Chinese Foreign Ministry said they are willing to investigate at an appropriate time. However, the word on the street is that the virus may have emerged from the wet market in Wuhan, China.

Many nations have come in support of an independent enquiry on originations of the Great Virus Crisis. Despite the first case arising out of China, some Chinese officials are also claiming that the novel virus might not have originated from China.

Chinese Authorities are very-much inclined when denying claims of an artificially developed virus and firmly believe that the virus has originated from some other source. In fact, Chinese ministries are suggesting that first cases might have been noted in the US and France, while some also say that the US Military has transmitted the virus to Wuhan.

Chinese media reports also propose that unauthorised laboratories were directed to destroy the early samples of coronavirus by the Government. Meanwhile, the US Officials continue to highlight that the Chinese officials had resisted providing the samples of the virus.

However, the health care authority also noted that the destruction of early samples was a preventive step towards lowering the risk of a second disaster and biological complications in laboratories. When pneumonia-like symptoms appeared in Wuhan, they conducted tests to identify pathogens.

In February, the Chinese Authorities had told the labs not to transmit samples to other institutions without any approval. Reports also advocate that the virus was detected by labs as early as December, which could also imply that the virus was making its way into the society possibly earlier than December.

If relations were to deteriorate between China and Australia, what could be at risk?

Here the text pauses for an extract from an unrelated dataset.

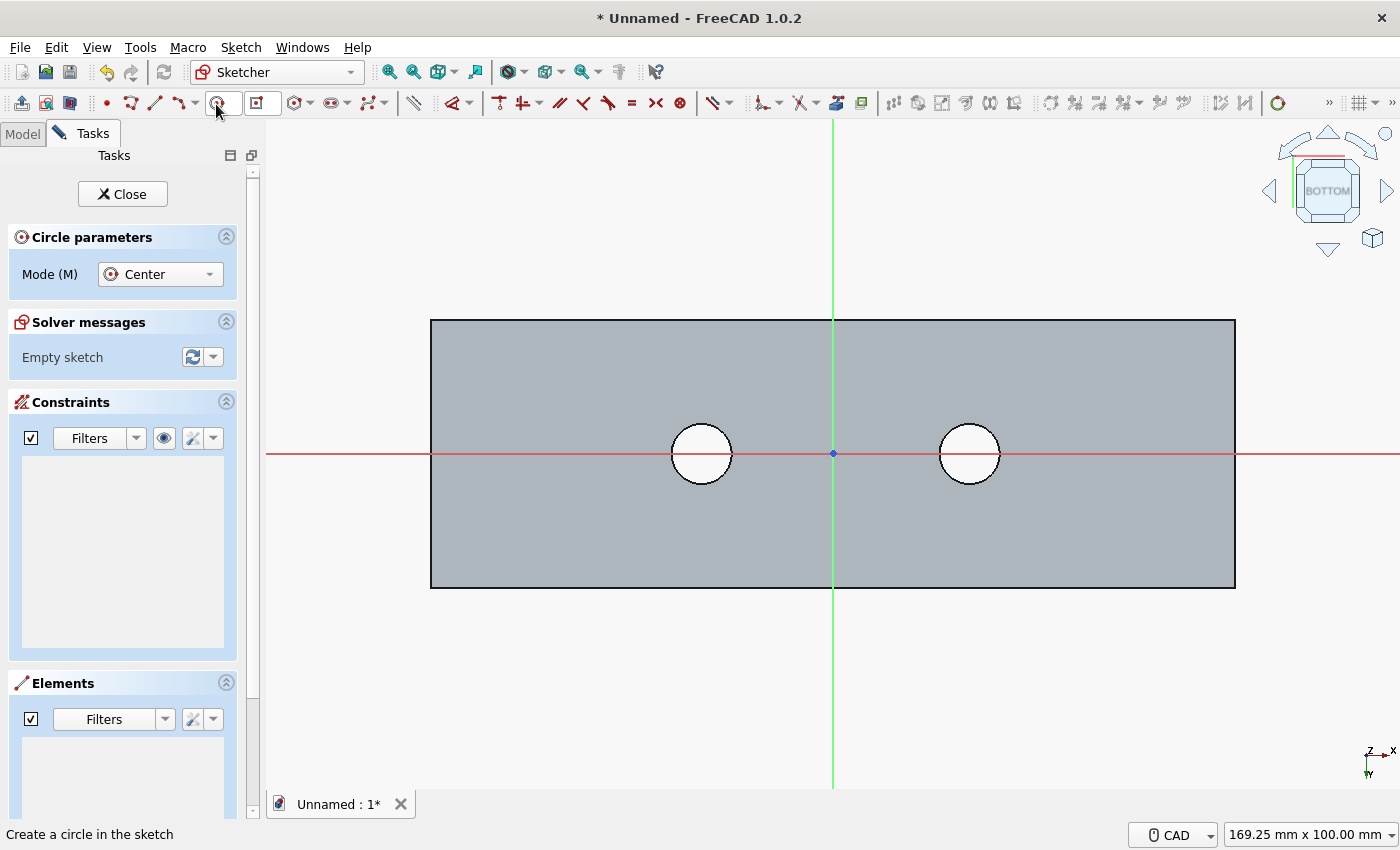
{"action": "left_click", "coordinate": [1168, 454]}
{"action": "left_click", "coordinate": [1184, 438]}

Tussling relations between the two countries could not only induce trade restrictions like tariffs and barriers but a wide range of psychological changes as well. Consider Chinese politicians portraying Australia as a bully to them. The large-scale Chinese consumer could refrain from buying many products originated from Australia or even holidaying in the sixth-largest nation in the world.

As far as trade is concerned, it took ten years to pen a Free Trade Agreement by the two nations. In December 2015, China and India were able to enforce the China Australia Free Trade Agreement.

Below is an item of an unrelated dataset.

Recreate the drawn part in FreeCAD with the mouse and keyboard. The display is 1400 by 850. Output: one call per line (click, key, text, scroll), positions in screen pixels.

In 2018-19, the total merchandise value of trade was around $213 billion, constituting approximately $135 billion worth of exports and ~$78.2 billion in imports. China is Australia’s biggest trading partner.

During the year, among the most significant exports and imports, Australia sold $63.12 billion of iron ore to China, natural gas accounted for $16.64 billion, $14.12 billion worth of coal, and gold worth $5.07 billion. Australia bought telecom equipment and parts of $8.87 billion, computers worth $6.63 billion, furniture and homewares worth $3.42 billion, and refined petroleum of around $2.77 billion.

At the same time, there is an excellent relationship between China and Australian businesses in other areas as well, which could be small. For instance, Phoslock Environmental Technologies Limited (ASX:PET) has substantial business in China.

Media reports have exaggerated the little stir between two countries, primarily inflicted by the implications of the Great Virus Crisis – which seems manageable as Beijing is willing to co-operate at an appropriate time.

There is no denying that issues exist such as banning of Huawei 5G equipment and will continue to exist, but how the two countries reach a mutually beneficial relationship matters the most. China has also learnt that engaging in a trade dispute is not constructive and finding a solution at some point in time is a must.

One should instead think why a free trade agreement between the two countries was negotiated in ten long years. Extreme brainstorming and implications might have been considered, which is why it took a decade. And, if some areas need attention, both leaders will get it done at the right moment as for now, developing a vaccine appears far more appealing than engaging in trade wars.

NOTE: All figures are reported in Australian Dollars unless stated otherwise.